SI, LO ÚNICO QUE LES FALTA ES REZAR E IR A MISA
Resulta conmovedor
observar los esfuerzos de esos intelectuales y periodistas para ganarse su
paga, intentando explicar lo que, desde el punto de vista del socialismo y la
revolución, ya ha quedado suficientemente claro. Se estremecen ante el desfile
militar del ejército ruso conmemorando el aniversario de la caída de Berlín y
saludan su marcha como si fuera el Ejército Rojo de Trotsky; alaban al oligarca
Putin como si fuera el nieto de Lenin y a su camarilla capitalista como si
fuera el Comité Central del 17; saludan la reconstrucción del imperialismo ruso
como si fuera la resurrección de la URSS. Lo mismo harán, ahora, con los
Castro. Elevarán a prodigios de la revolución "socialista" los nuevos
garitos y prostíbulos que se instalan en la isla y a la categoría de milagro
económico el despido de casi medio millón de trabajadores estatales mientras
sus generales se convierten en "guardianes revolucionarios" de las
empresas imperialistas.
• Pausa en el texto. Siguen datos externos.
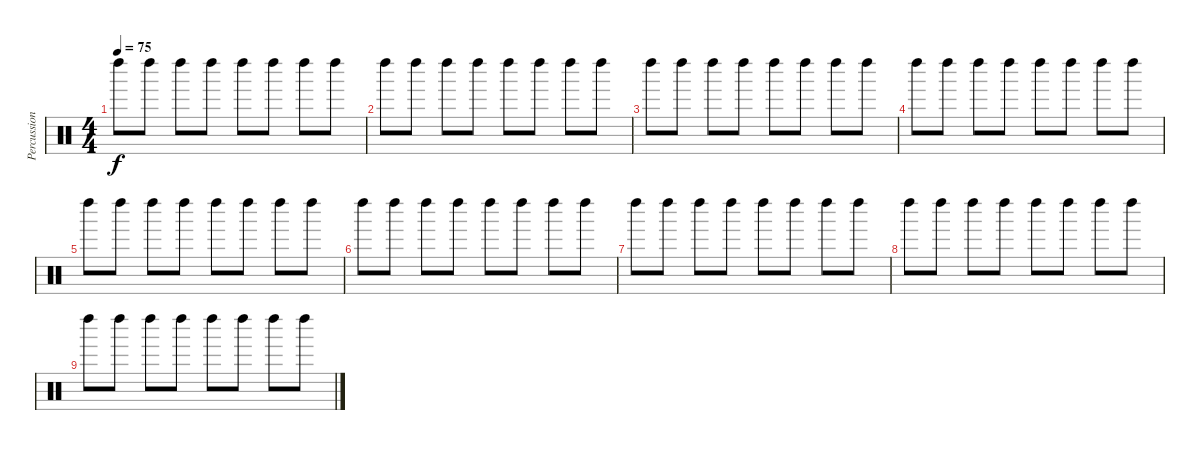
\track ("Percussion2" "Percussion") {instrument percussion}
\staff {score}
\articulation defaults
\ts (4 4)
\tempo 75
\clef neutral
\ks c "Left Maraca (hit)".8{dy f} "Left Maraca (hit)".8 "Left Maraca (hit)".8 "Left Maraca (hit)".8 "Left Maraca (hit)".8 "Left Maraca (hit)".8 "Left Maraca (hit)".8 "Left Maraca (hit)".8
|
"Left Maraca (hit)".8 "Left Maraca (hit)".8 "Left Maraca (hit)".8 "Left Maraca (hit)".8 "Left Maraca (hit)".8 "Left Maraca (hit)".8 "Left Maraca (hit)".8 "Left Maraca (hit)".8 |
"Left Maraca (hit)".8 "Left Maraca (hit)".8 "Left Maraca (hit)".8 "Left Maraca (hit)".8 "Left Maraca (hit)".8 "Left Maraca (hit)".8 "Left Maraca (hit)".8 "Left Maraca (hit)".8 |
"Left Maraca (hit)".8 "Left Maraca (hit)".8 "Left Maraca (hit)".8 "Left Maraca (hit)".8 "Left Maraca (hit)".8 "Left Maraca (hit)".8 "Left Maraca (hit)".8 "Left Maraca (hit)".8 |
"Left Maraca (hit)".8 "Left Maraca (hit)".8 "Left Maraca (hit)".8 "Left Maraca (hit)".8 "Left Maraca (hit)".8 "Left Maraca (hit)".8 "Left Maraca (hit)".8 "Left Maraca (hit)".8 |
"Left Maraca (hit)".8{volume 13} "Left Maraca (hit)".8 "Left Maraca (hit)".8 "Left Maraca (hit)".8 "Left Maraca (hit)".8{volume 12} "Left Maraca (hit)".8 "Left Maraca (hit)".8 "Left Maraca (hit)".8 |
"Left Maraca (hit)".8{volume 10} "Left Maraca (hit)".8 "Left Maraca (hit)".8 "Left Maraca (hit)".8 "Left Maraca (hit)".8 "Left Maraca (hit)".8 "Left Maraca (hit)".8 "Left Maraca (hit)".8 |
"Left Maraca (hit)".8{volume 8} "Left Maraca (hit)".8 "Left Maraca (hit)".8 "Left Maraca (hit)".8 "Left Maraca (hit)".8{volume 7} "Left Maraca (hit)".8 "Left Maraca (hit)".8 "Left Maraca (hit)".8 |
"Left Maraca (hit)".8{volume 5} "Left Maraca (hit)".8 "Left Maraca (hit)".8 "Left Maraca (hit)".8 "Left Maraca (hit)".8{volume 3} "Left Maraca (hit)".8 "Left Maraca (hit)".8 "Left Maraca (hit)".8

Así como la restauración capitalista en Cuba cierra el
proceso de las revoluciones del siglo pasado, también la ideología reformista,
conciliadora y populista que el castrismo forjó en la región, cae en la
decadencia y sus crepusculares portavoces lo pasan mal. Sus amigos soportan a
duras penas los embates de los pobres que ya no creen en sus huecas proclamas
"socialistas", apenas una mascarada grotesca de la colaboración de
clases y la explotación. Dilma, la abanderada de la capitulación del Partido de
los Trabajadores en Brasil, es abucheada en público en cada aparición, sus
propios sindicalistas le hacen huelgas feroces y las marchas exigiendo su
renuncia son multitudinarias. No la pasa mejor Rafael Correa, el ecuatoriano
que es mecenas de varios cagatintas locales, repudiado por la mayoría indígena
de la población. Ni qué decir de Nicolás Maduro, el estrafalario timonel del
chavismo en retirada. No la pasan mejor Cristina Fernández ni Michele Bachelet.
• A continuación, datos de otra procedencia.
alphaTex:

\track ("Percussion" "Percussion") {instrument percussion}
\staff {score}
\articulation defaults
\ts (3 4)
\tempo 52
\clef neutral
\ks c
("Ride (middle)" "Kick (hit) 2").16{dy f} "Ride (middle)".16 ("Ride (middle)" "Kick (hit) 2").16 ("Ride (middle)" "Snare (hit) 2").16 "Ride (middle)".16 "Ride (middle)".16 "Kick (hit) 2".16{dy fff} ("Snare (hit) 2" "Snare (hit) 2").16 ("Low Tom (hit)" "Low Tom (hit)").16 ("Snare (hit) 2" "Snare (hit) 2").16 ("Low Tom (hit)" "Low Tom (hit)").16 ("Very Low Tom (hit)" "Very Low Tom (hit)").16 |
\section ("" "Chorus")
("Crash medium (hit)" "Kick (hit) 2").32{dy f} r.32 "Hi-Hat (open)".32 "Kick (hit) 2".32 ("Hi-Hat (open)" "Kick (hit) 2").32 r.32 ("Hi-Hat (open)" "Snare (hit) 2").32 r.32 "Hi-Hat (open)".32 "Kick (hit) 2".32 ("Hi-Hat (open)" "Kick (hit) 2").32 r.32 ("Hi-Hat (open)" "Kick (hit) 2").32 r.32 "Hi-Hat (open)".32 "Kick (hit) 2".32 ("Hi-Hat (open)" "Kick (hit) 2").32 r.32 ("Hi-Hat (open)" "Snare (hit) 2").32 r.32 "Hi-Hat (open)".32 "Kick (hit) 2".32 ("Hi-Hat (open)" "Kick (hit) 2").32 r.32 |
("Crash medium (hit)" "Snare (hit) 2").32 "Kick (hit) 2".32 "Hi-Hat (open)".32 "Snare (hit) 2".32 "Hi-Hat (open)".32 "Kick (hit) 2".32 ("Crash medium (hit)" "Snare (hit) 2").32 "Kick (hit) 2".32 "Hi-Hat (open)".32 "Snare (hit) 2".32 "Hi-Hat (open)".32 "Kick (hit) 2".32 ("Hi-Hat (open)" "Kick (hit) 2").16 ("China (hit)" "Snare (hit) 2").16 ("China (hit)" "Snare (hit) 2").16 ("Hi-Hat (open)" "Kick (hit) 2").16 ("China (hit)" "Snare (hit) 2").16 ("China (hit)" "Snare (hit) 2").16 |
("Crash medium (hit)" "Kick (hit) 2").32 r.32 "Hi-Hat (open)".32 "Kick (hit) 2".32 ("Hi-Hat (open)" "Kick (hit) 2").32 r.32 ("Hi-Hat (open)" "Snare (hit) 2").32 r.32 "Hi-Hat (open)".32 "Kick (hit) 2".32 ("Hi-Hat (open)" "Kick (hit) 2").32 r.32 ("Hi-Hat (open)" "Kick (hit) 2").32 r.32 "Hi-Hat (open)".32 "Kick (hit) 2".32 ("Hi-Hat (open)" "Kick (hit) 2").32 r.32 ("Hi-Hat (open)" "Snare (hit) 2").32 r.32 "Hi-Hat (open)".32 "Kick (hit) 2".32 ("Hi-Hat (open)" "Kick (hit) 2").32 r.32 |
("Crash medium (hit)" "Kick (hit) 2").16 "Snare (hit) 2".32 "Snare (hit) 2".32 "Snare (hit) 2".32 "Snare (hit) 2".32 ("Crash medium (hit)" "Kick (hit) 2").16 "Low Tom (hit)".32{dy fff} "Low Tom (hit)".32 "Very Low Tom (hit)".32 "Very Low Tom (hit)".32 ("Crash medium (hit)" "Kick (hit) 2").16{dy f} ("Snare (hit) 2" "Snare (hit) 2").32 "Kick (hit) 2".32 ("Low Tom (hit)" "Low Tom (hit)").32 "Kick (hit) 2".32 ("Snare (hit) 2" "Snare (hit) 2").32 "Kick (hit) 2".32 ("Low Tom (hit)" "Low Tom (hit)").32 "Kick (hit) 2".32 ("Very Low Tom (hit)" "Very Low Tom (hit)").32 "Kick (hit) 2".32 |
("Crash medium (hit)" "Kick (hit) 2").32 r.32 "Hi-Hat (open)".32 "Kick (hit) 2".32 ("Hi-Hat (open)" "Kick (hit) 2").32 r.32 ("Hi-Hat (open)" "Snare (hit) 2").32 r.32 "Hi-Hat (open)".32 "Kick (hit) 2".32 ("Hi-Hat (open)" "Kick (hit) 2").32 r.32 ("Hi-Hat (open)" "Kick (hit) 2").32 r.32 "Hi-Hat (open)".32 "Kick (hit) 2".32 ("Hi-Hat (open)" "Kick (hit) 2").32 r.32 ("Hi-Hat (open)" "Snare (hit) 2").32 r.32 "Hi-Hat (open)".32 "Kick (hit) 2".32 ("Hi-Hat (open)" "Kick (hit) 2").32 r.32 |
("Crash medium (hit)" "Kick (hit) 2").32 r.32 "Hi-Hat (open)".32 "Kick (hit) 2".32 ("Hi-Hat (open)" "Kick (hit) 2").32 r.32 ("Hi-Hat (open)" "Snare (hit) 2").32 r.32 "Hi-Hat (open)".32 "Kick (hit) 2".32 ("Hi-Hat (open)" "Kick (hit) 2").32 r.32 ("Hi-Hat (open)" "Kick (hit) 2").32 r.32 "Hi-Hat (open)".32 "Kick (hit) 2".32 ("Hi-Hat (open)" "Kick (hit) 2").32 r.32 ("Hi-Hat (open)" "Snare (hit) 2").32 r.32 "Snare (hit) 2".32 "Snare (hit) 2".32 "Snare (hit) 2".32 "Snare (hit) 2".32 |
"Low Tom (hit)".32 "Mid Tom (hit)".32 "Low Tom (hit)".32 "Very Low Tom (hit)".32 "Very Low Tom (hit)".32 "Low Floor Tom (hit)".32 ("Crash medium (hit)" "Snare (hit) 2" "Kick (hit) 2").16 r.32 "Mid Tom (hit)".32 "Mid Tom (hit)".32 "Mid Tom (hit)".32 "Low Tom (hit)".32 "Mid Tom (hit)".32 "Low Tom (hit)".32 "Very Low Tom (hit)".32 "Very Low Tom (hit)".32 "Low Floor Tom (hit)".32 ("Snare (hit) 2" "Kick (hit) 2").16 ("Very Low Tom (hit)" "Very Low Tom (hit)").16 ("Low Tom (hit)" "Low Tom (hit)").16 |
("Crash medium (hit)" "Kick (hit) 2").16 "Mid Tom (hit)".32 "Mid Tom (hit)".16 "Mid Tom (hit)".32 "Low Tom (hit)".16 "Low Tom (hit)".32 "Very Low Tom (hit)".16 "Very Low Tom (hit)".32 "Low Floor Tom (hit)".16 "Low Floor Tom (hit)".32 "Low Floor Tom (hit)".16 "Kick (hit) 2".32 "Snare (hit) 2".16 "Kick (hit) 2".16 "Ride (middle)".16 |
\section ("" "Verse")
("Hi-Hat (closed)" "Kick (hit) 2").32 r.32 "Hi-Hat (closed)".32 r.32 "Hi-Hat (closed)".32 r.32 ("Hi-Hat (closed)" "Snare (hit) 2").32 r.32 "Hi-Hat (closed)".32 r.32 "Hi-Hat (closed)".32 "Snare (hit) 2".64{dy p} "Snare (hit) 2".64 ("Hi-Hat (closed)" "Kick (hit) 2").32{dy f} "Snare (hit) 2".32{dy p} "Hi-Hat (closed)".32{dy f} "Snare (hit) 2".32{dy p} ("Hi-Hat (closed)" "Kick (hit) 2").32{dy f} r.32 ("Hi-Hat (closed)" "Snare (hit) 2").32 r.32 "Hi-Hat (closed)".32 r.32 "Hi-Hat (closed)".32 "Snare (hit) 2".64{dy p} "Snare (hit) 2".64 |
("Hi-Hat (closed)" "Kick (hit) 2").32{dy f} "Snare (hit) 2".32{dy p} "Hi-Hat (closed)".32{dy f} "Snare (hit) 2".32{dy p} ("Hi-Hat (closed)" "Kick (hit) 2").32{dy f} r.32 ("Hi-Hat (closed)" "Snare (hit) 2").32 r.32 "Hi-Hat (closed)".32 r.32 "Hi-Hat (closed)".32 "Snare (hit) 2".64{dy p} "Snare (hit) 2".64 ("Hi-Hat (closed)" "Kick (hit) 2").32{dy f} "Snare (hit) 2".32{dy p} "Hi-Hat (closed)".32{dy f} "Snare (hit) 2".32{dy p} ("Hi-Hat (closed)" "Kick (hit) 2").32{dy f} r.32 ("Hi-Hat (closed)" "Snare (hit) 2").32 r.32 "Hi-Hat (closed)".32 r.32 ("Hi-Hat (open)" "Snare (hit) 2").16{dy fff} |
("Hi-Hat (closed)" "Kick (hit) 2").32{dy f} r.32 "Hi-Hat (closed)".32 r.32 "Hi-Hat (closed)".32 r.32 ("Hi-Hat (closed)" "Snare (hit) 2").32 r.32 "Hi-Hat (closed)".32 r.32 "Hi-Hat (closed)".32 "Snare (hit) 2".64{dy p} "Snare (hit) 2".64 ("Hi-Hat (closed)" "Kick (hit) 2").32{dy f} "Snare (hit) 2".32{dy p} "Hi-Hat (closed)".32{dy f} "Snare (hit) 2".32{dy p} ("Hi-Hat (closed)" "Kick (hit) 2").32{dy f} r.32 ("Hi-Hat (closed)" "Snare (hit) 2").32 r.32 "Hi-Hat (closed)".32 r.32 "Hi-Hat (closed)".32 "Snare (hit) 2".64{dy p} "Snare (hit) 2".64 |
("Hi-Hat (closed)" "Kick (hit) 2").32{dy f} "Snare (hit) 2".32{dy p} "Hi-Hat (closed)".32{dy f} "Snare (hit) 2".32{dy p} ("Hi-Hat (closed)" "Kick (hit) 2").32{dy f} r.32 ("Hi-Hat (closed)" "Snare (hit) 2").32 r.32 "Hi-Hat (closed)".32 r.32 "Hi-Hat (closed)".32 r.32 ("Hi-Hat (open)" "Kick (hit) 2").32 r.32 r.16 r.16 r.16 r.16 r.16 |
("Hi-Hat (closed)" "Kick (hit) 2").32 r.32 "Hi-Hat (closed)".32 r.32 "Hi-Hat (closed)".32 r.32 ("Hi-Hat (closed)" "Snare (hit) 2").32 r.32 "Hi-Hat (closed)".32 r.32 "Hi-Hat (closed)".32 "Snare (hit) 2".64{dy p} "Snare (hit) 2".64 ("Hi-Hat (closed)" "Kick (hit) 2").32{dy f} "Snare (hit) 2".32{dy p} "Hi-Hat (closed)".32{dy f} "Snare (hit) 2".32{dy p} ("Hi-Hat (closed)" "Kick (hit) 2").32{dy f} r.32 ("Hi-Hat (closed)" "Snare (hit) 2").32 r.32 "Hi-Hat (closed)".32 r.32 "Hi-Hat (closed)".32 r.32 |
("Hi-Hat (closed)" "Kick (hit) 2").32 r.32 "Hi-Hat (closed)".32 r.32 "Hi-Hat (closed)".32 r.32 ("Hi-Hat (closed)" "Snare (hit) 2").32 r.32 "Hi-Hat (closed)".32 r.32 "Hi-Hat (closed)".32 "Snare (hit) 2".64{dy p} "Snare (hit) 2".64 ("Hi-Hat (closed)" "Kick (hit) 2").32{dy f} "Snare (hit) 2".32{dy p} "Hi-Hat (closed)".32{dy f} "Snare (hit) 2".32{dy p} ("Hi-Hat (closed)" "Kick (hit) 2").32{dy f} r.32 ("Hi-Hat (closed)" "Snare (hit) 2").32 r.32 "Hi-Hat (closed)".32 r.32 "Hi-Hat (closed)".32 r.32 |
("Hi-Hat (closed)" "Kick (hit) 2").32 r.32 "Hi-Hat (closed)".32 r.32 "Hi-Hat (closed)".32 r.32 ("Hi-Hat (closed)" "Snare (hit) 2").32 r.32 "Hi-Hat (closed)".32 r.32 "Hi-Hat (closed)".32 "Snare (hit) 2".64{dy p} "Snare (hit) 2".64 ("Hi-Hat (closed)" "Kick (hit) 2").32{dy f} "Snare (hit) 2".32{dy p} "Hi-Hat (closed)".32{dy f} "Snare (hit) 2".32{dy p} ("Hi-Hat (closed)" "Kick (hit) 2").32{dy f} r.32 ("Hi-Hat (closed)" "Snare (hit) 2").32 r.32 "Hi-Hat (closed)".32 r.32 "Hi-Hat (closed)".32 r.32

Todos o casi todos los aliados "ideológicos" del castrismo los
acompañan en su decadencia. Un gran debate, aun no saldado, recorre a toda la
izquierda. Se trata de analizar este fenómeno que tuvo tanta trascendencia no
con el corazón y la nostalgia sino con las herramientas que la historia nos proporcionó.
Es difícil, es duro, pero es imprescindible llamar a las cosas por su nombre.
Sólo así se abren las puertas del futuro. Nos duele hacerlo. En primer lugar a
quienes hemos acompañado la revolución cubana desde sus orígenes, defendido el
derecho de su pueblo a trazar su destino y, sobre todo, duele por toda una
generación sacrificada por esos ideales abandonados. No es la primera vez que
una revolución es devorada desde adentro para beneficio de sus dirigentes.
Pero, si abolimos el rol "predestinado" de caudillos, intelectuales,
abogaduchos y cagatintas, vanguardias y partidos iluminados, para abrazar el
concepto social de la epopeya, la democracia directa y la no delegación en la
pequeño burguesía de nuestra misión histórica, posiblemente sean éstas las
últimas claudicaciones. Vale, en estos momentos tristes, recordar la
esclarecedora y delimitadora máxima de la Primera Internacional, aquella gran
organización revolucionaria de anarquistas, socialistas, blanquistas y
marxistas: "La liberación
de los trabajadores sólo será obra de los trabajadores mismos".